DATASET EXCERPTS —
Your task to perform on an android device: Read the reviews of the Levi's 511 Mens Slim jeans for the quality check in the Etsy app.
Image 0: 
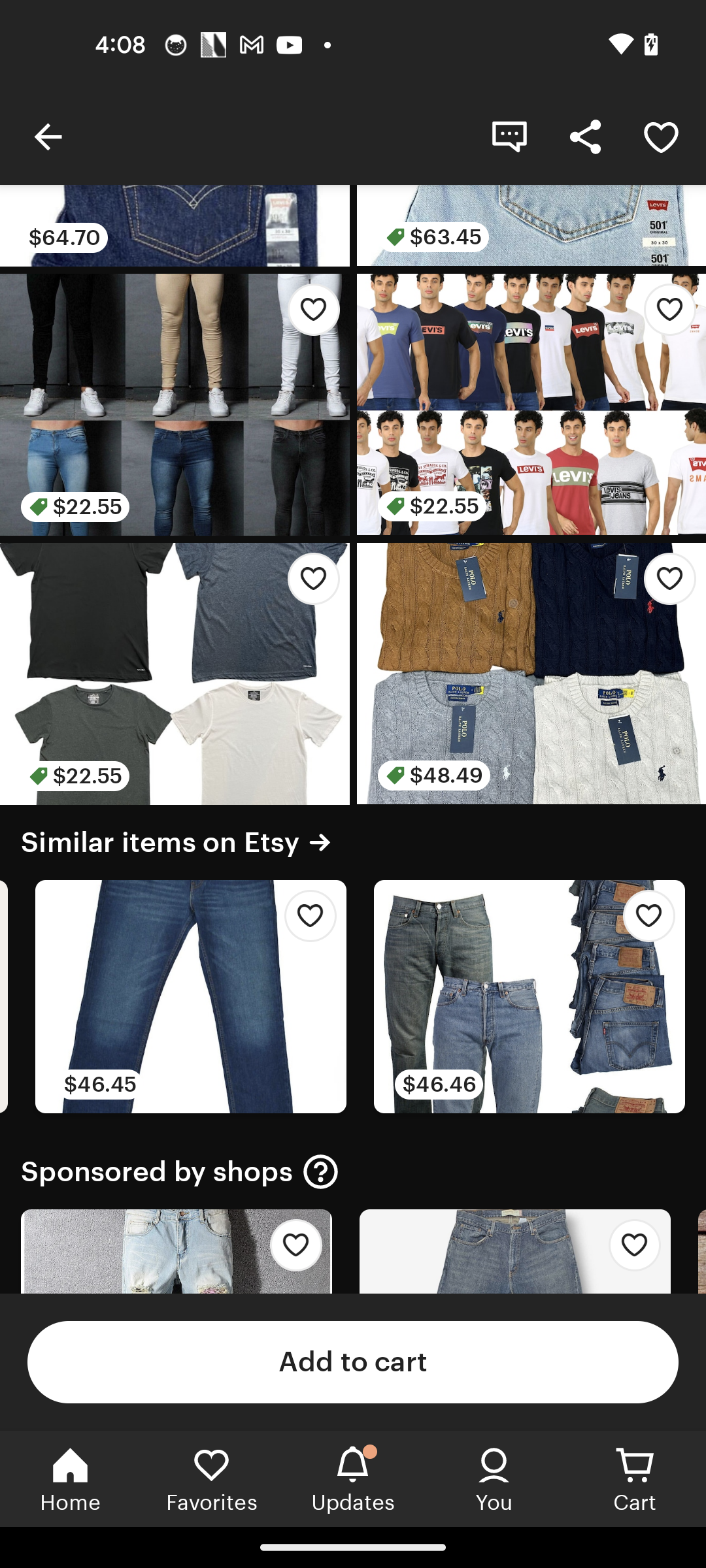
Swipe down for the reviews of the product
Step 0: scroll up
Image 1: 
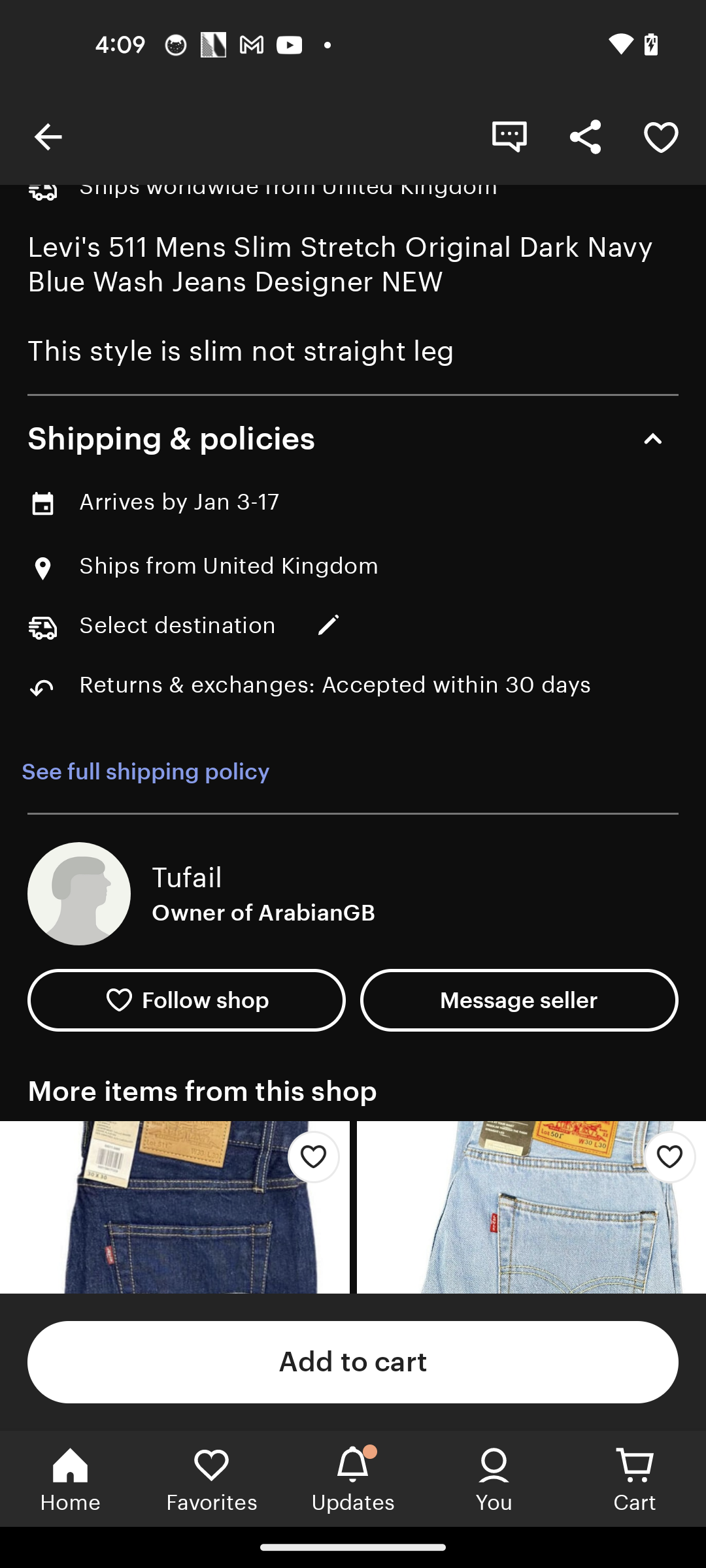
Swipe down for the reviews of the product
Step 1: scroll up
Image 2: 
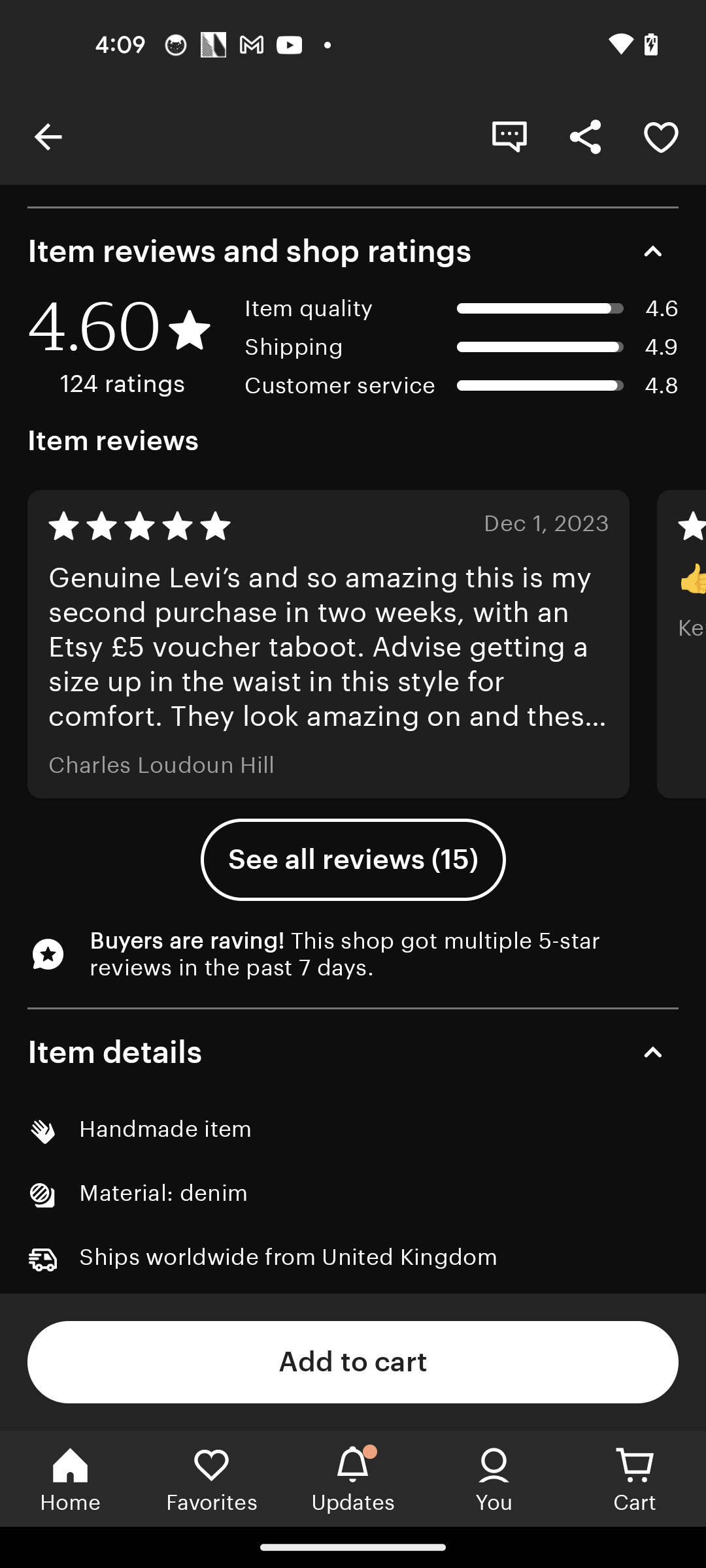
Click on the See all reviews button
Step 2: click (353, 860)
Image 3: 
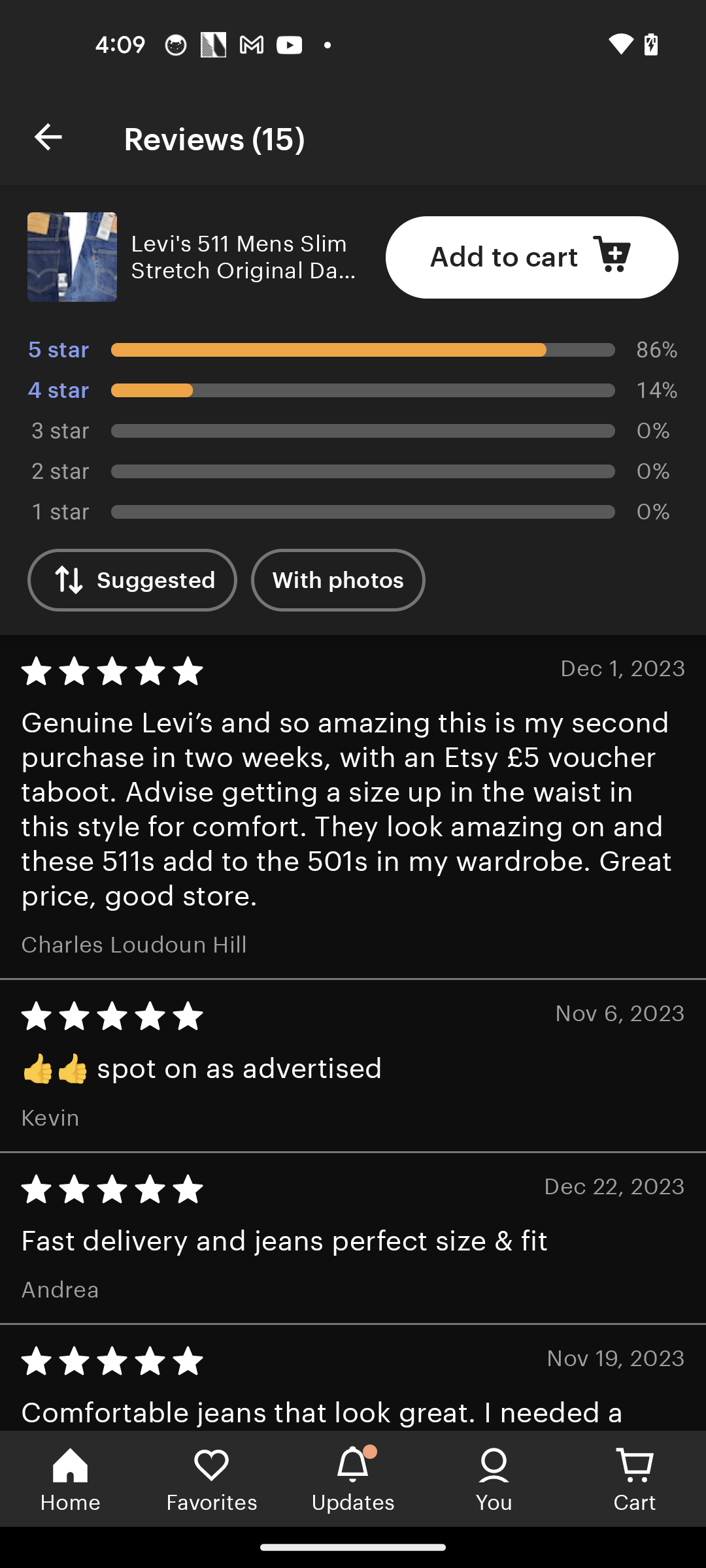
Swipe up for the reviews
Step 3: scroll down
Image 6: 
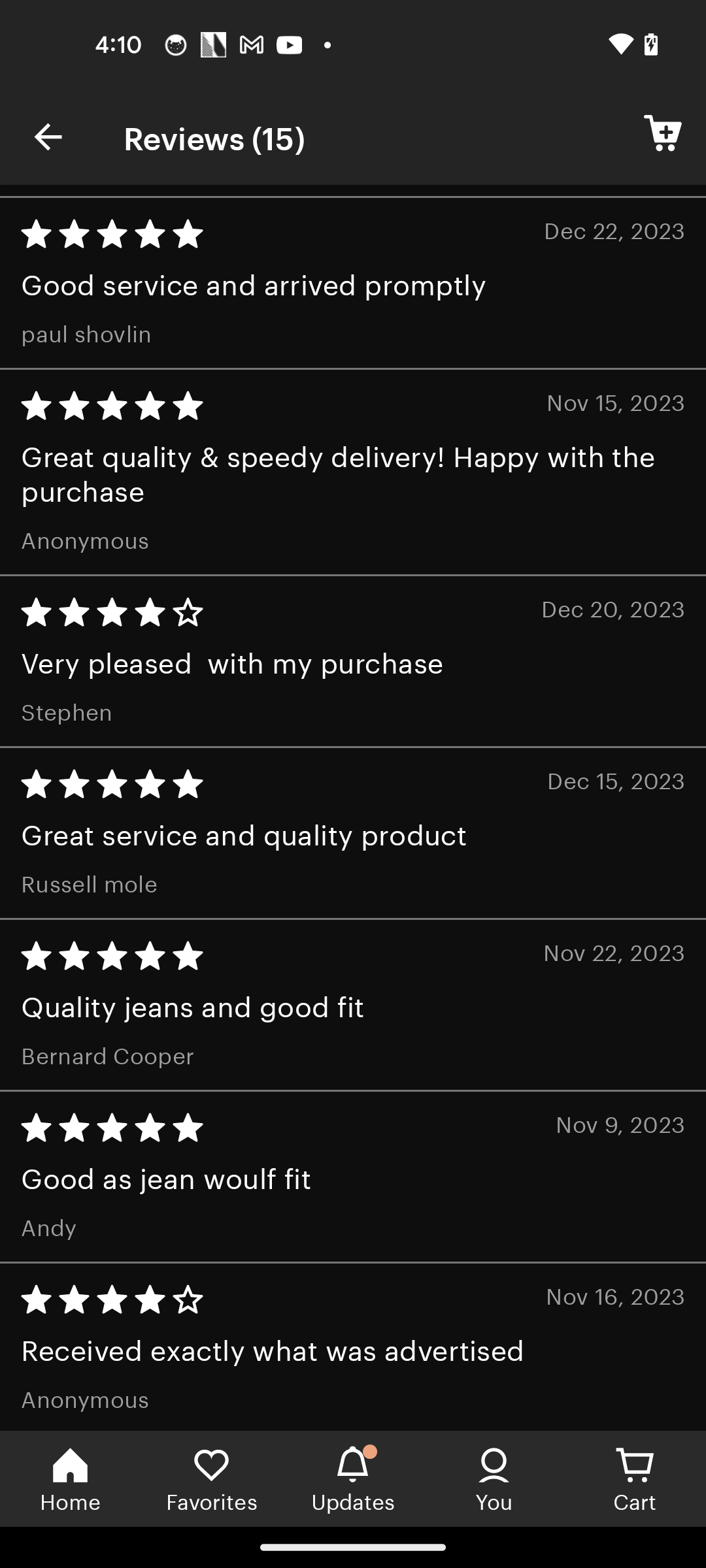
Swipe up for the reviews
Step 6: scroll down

WHAT YOU ARE ASKED TO DO — Please retype the records above exactly, but leave out any pictures.

ANSWER AREA —
Your task to perform on an android device: Read the reviews of the Levi's 511 Mens Slim jeans for the quality check in the Etsy app.
Image 0: 
Swipe down for the reviews of the product
Step 0: scroll up
Image 1: 
Swipe down for the reviews of the product
Step 1: scroll up
Image 2: 
Click on the See all reviews button
Step 2: click (353, 860)
Image 3: 
Swipe up for the reviews
Step 3: scroll down
Image 6: 
Swipe up for the reviews
Step 6: scroll down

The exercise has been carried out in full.